# Local Haunts



## Zombie-F (Apr 12, 2004)

Are there any yard displays, or amateur Haunted houses in your area that are run in October? If so, what do you think of it?

To the best of my knowledge, the only other yard haunt near me is about 30 mins away in the town of Carver, MA. There's some other yard displays near me, but none to the level that I'd actually call a "haunt".

What about you guys?


----------



## dougspaulding (May 22, 2004)

None here. Down here in Palm Beach, they don't do haunted houses - they do Palm trees and beaches, rich New Yorkers in pastels (and Bentleys).

Aren't you the lucky one for living in beautiful, hauntful New England. A place of character, atmosphere, and Revolutionary War era graveyards. 

Tell us, a little closer to Autumn, of some of your recommendations so that those of us who might will come north to be frightened good and proper.


----------



## Zombie-F (Apr 12, 2004)

There is (or at least was, as of 2002) a Haunt in West Palm Beach called "A Haunting Experience" (website). There's also a handful of home haunts down in Florida, though, I'll have to review my Halloween-L video to remember exactly where in the state they are.

I suggest having a look at http://www.hauntfinder.com to help find a haunt near you.


----------



## dougspaulding (May 22, 2004)

I know about the Tull project; no, I was thinking of real haunts (even though the fake ones are pretty good, too).

Actually, we do have a few around here: The Henry Flagler Museum, The Lake Worth Playhouse, and (of all things) the Burger King!


----------



## Zombie-F (Apr 12, 2004)

Ah. Gotcha. Yeah, for real Haunts, we kinda got you beat. Lizzie Borden, Salem, The Lady in Black... we got some of the best up this way.

If my pal Raxl ever makes it over to these forums, he's a walking vault of ghost info.
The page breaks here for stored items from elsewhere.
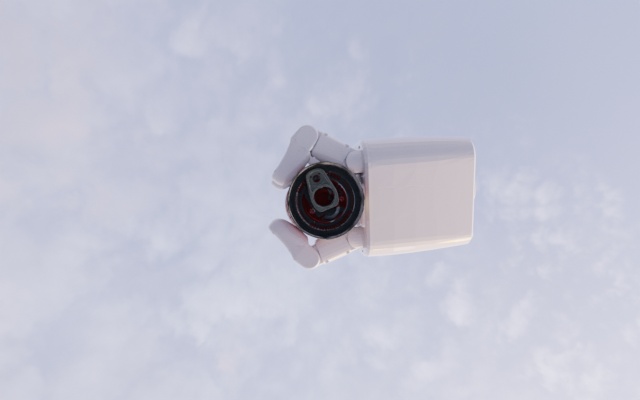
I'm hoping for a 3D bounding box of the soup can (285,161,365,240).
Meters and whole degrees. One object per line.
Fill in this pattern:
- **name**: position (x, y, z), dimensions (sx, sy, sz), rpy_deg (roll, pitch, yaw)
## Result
- **soup can**: position (0.000, 0.002, 0.461), dimensions (0.068, 0.068, 0.102), rpy_deg (0, -2, -6)
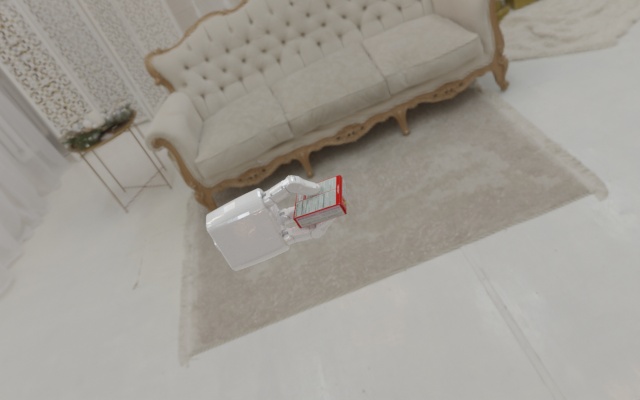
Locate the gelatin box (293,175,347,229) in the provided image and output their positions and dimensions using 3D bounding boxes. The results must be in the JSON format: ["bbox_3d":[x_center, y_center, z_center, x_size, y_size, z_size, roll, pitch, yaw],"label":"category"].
[{"bbox_3d":[0.000,0.002,0.809,0.089,0.073,0.030,-19,-51,20],"label":"gelatin box"}]
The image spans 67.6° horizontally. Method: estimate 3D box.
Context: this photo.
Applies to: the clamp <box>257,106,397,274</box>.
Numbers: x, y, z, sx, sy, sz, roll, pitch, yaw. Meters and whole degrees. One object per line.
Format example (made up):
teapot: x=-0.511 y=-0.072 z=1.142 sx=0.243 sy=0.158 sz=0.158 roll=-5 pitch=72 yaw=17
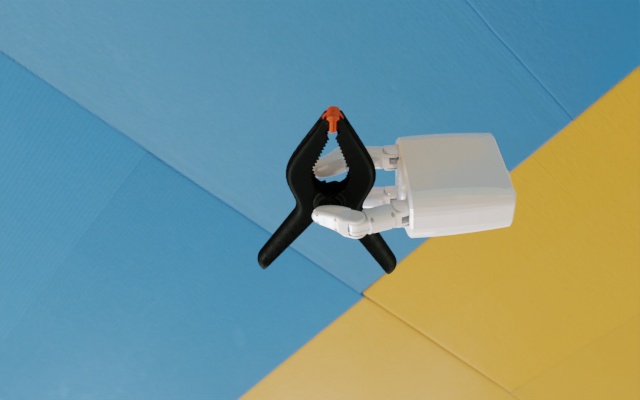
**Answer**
clamp: x=0.000 y=0.002 z=0.523 sx=0.164 sy=0.210 sz=0.036 roll=-4 pitch=33 yaw=3
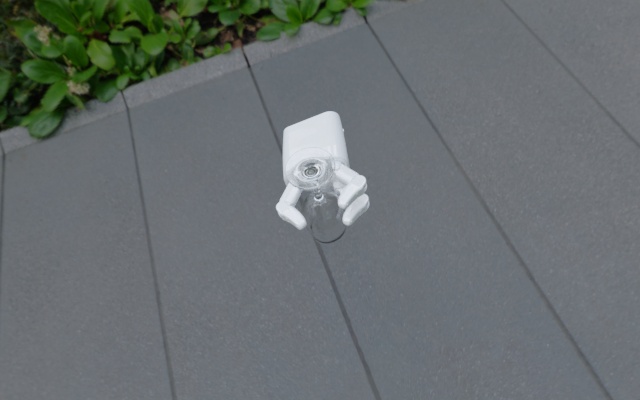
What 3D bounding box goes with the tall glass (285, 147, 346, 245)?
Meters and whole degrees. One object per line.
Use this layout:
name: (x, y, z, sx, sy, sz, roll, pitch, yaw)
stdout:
tall glass: (0.000, 0.002, 0.776, 0.079, 0.079, 0.201, 0, -31, 10)
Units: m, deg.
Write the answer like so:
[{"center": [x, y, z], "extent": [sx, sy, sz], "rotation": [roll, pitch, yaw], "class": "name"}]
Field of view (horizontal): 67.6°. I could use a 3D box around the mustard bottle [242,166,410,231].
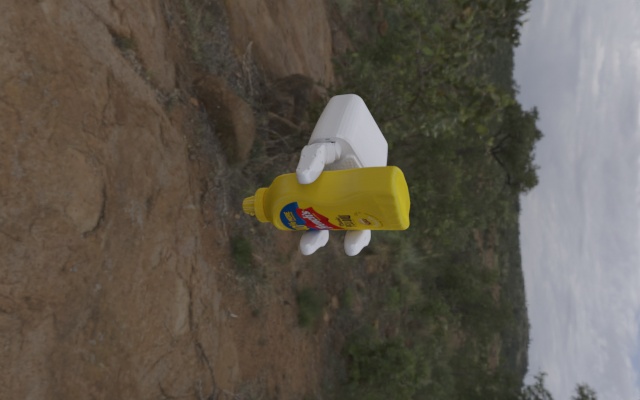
[{"center": [0.000, 0.002, 0.543], "extent": [0.191, 0.058, 0.096], "rotation": [-2, -25, 19], "class": "mustard bottle"}]
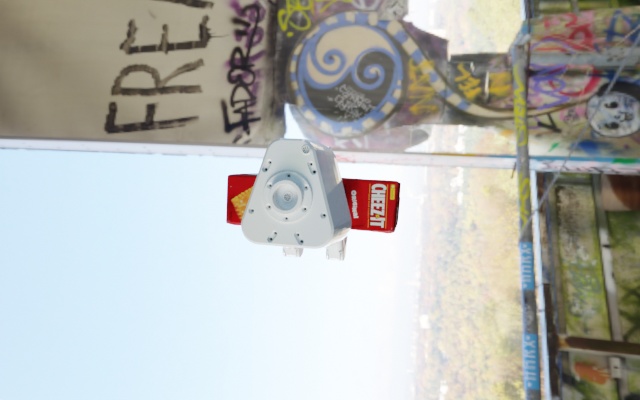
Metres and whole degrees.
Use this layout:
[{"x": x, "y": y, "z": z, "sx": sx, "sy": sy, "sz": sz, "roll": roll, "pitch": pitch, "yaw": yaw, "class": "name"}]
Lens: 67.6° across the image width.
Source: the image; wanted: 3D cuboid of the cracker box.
[{"x": 0.000, "y": 0.002, "z": 0.657, "sx": 0.213, "sy": 0.072, "sz": 0.164, "roll": 3, "pitch": 2, "yaw": 11, "class": "cracker box"}]
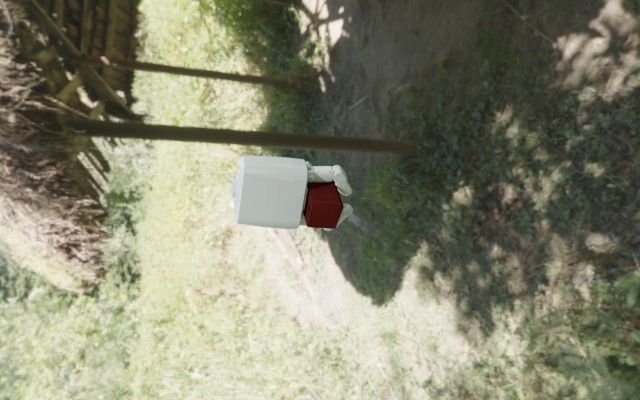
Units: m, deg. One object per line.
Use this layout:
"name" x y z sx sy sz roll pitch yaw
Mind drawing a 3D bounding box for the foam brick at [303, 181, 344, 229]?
"foam brick" 0.000 0.003 0.794 0.051 0.053 0.078 4 37 -17
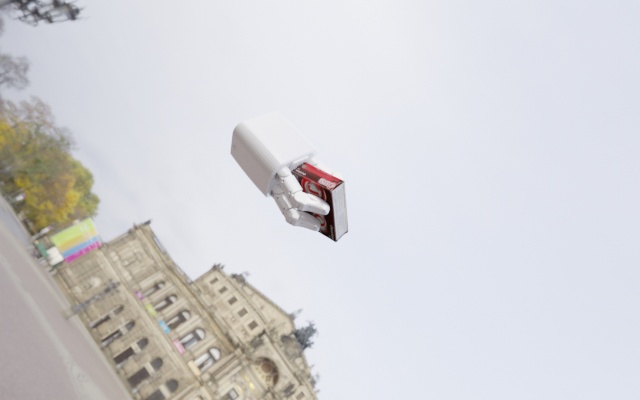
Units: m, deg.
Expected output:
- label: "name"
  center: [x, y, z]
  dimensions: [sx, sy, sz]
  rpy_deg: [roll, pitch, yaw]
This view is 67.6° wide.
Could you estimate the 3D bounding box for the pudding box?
- label: "pudding box"
  center: [0.000, 0.002, 0.790]
  dimensions: [0.090, 0.114, 0.039]
  rpy_deg: [29, 53, 36]
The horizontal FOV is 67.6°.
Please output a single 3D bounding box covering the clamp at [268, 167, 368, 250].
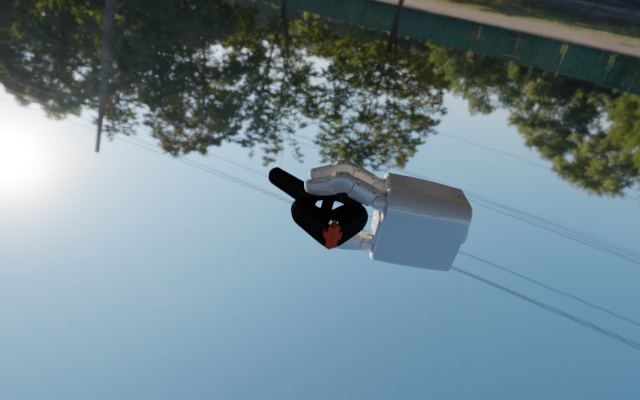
[{"bbox_3d":[0.000,0.003,0.615,0.164,0.036,0.210,8,21,2],"label":"clamp"}]
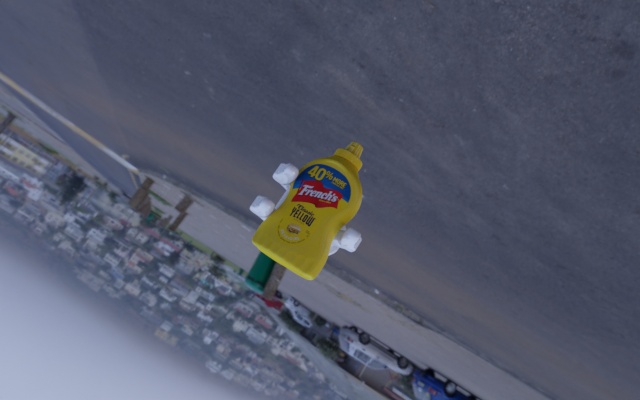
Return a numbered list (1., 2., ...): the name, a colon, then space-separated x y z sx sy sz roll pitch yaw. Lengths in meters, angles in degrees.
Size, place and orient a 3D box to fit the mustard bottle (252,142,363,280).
1. mustard bottle: 0.000 0.002 0.634 0.096 0.191 0.058 28 -14 22
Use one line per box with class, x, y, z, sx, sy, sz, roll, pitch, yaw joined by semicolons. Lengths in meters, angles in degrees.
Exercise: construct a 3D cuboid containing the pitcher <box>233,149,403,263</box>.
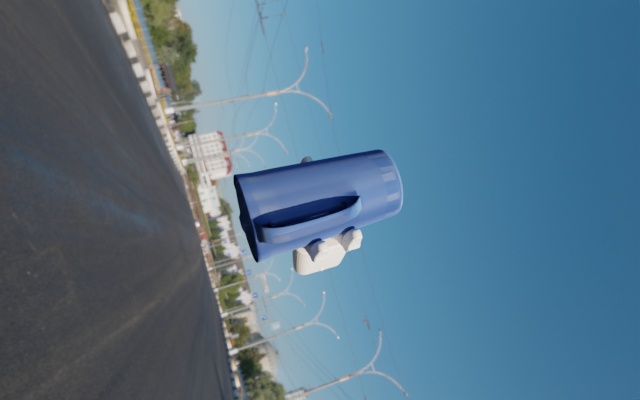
pitcher;0.000;0.002;0.716;0.243;0.149;0.145;-15;-28;-14
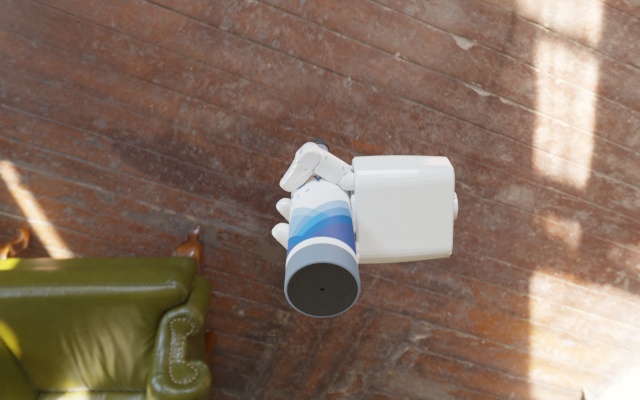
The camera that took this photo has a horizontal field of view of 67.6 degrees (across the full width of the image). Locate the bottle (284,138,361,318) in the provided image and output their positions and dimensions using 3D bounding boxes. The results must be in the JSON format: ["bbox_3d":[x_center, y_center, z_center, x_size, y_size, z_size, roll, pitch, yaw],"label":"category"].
[{"bbox_3d":[0.000,0.002,0.539,0.069,0.069,0.295,0,31,-1],"label":"bottle"}]
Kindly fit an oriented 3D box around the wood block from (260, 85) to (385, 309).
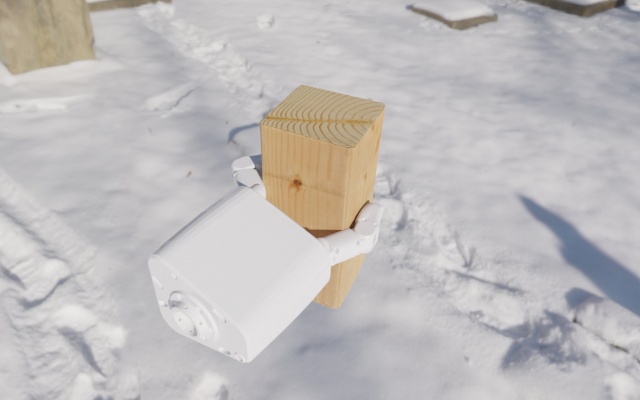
[{"bbox_3d":[0.000,0.002,0.493,0.091,0.206,0.090,17,41,17],"label":"wood block"}]

I know he's done a few ghost hunts and such since he moved to Florida, so maybe he could shed some light on the situation down there.


----------



## death2u (May 16, 2004)

There is a mansion not too far from my mothers house in Phoenix that is haunted. It's one of the first houses built there and every halloween it's open to the public. Apparently it's really spooky.


----------